Start of Block

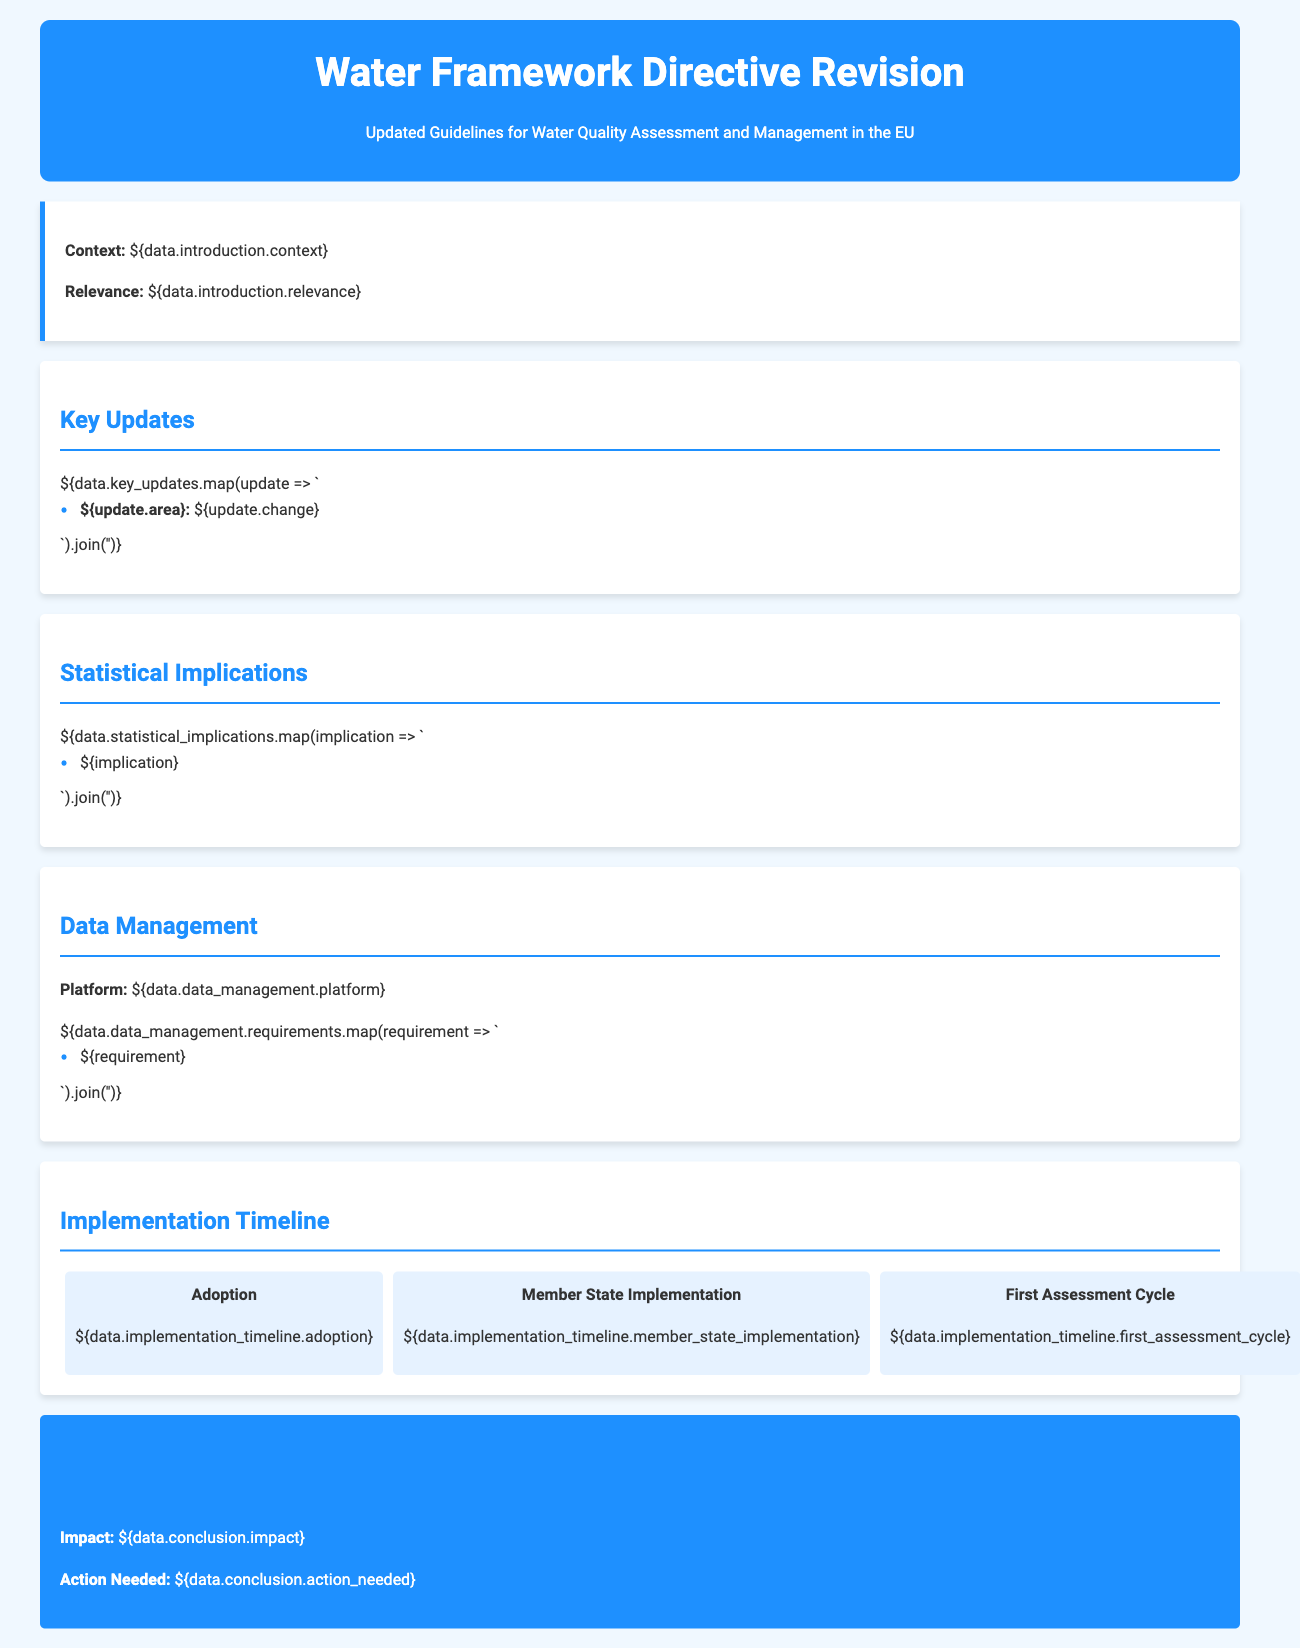What is the title of the document? The title of the document is stated prominently in the header section.
Answer: Water Framework Directive Revision What does the adoption timeline indicate? This is outlined in the implementation timeline section, showing when adoption will occur.
Answer: ${data.implementation_timeline.adoption} Which platform is used for data management? This is specified in the data management section as the platform utilized for managing data.
Answer: ${data.data_management.platform} What are the key areas that received updates? The key updates list specific areas that have undergone changes in the new guidelines.
Answer: ${data.key_updates.map(update => update.area).join(', ')} How many assessment cycles are planned? The document likely outlines this in the implementation timeline.
Answer: 1 What is the primary impact stated in the conclusion? This impact is highlighted in the conclusion section providing insight into the document's focus.
Answer: ${data.conclusion.impact} What statistical implications are mentioned? These are addressed directly under the statistical implications section of the document.
Answer: ${data.statistical_implications.join(', ')} What action is needed according to the conclusion? This actionable requirement is expressed in the conclusion outlining necessary steps.
Answer: ${data.conclusion.action_needed} 
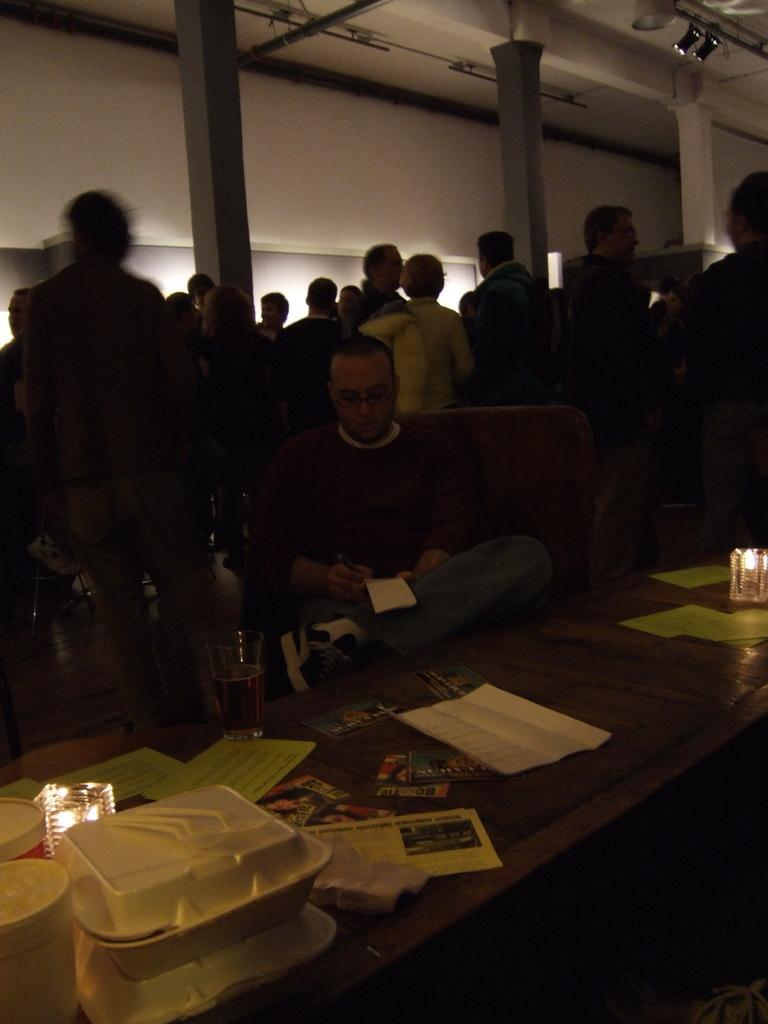What is the man in the image doing? The man is sitting on a chair in the image. What is in front of the man? There is a table in front of the man. What can be seen on the table? There are multiple objects on the table. What can be seen in the background of the image? There are people, pillars, and a wall visible in the background of the image. How much wealth is displayed on the table in the image? There is no indication of wealth in the image; it only shows a man sitting on a chair with a table in front of him and multiple objects on the table. 
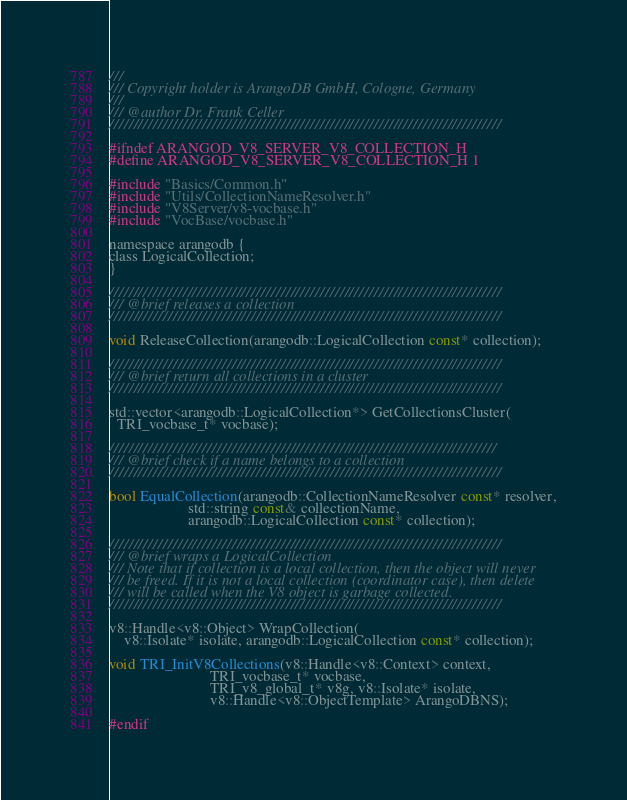Convert code to text. <code><loc_0><loc_0><loc_500><loc_500><_C_>///
/// Copyright holder is ArangoDB GmbH, Cologne, Germany
///
/// @author Dr. Frank Celler
////////////////////////////////////////////////////////////////////////////////

#ifndef ARANGOD_V8_SERVER_V8_COLLECTION_H
#define ARANGOD_V8_SERVER_V8_COLLECTION_H 1

#include "Basics/Common.h"
#include "Utils/CollectionNameResolver.h"
#include "V8Server/v8-vocbase.h"
#include "VocBase/vocbase.h"

namespace arangodb {
class LogicalCollection;
}

////////////////////////////////////////////////////////////////////////////////
/// @brief releases a collection
////////////////////////////////////////////////////////////////////////////////

void ReleaseCollection(arangodb::LogicalCollection const* collection);

////////////////////////////////////////////////////////////////////////////////
/// @brief return all collections in a cluster
////////////////////////////////////////////////////////////////////////////////

std::vector<arangodb::LogicalCollection*> GetCollectionsCluster(
  TRI_vocbase_t* vocbase);

///////////////////////////////////////////////////////////////////////////////
/// @brief check if a name belongs to a collection
////////////////////////////////////////////////////////////////////////////////

bool EqualCollection(arangodb::CollectionNameResolver const* resolver,
                     std::string const& collectionName,
                     arangodb::LogicalCollection const* collection);

////////////////////////////////////////////////////////////////////////////////
/// @brief wraps a LogicalCollection
/// Note that if collection is a local collection, then the object will never
/// be freed. If it is not a local collection (coordinator case), then delete
/// will be called when the V8 object is garbage collected.
////////////////////////////////////////////////////////////////////////////////

v8::Handle<v8::Object> WrapCollection(
    v8::Isolate* isolate, arangodb::LogicalCollection const* collection);

void TRI_InitV8Collections(v8::Handle<v8::Context> context,
                           TRI_vocbase_t* vocbase, 
                           TRI_v8_global_t* v8g, v8::Isolate* isolate,
                           v8::Handle<v8::ObjectTemplate> ArangoDBNS);

#endif
</code>

End of Block

» Your instructions
Reproduce every line in the data that has the word "vocbase" in it.

» Expected answer
#include "V8Server/v8-vocbase.h"
#include "VocBase/vocbase.h"
  TRI_vocbase_t* vocbase);
                           TRI_vocbase_t* vocbase, 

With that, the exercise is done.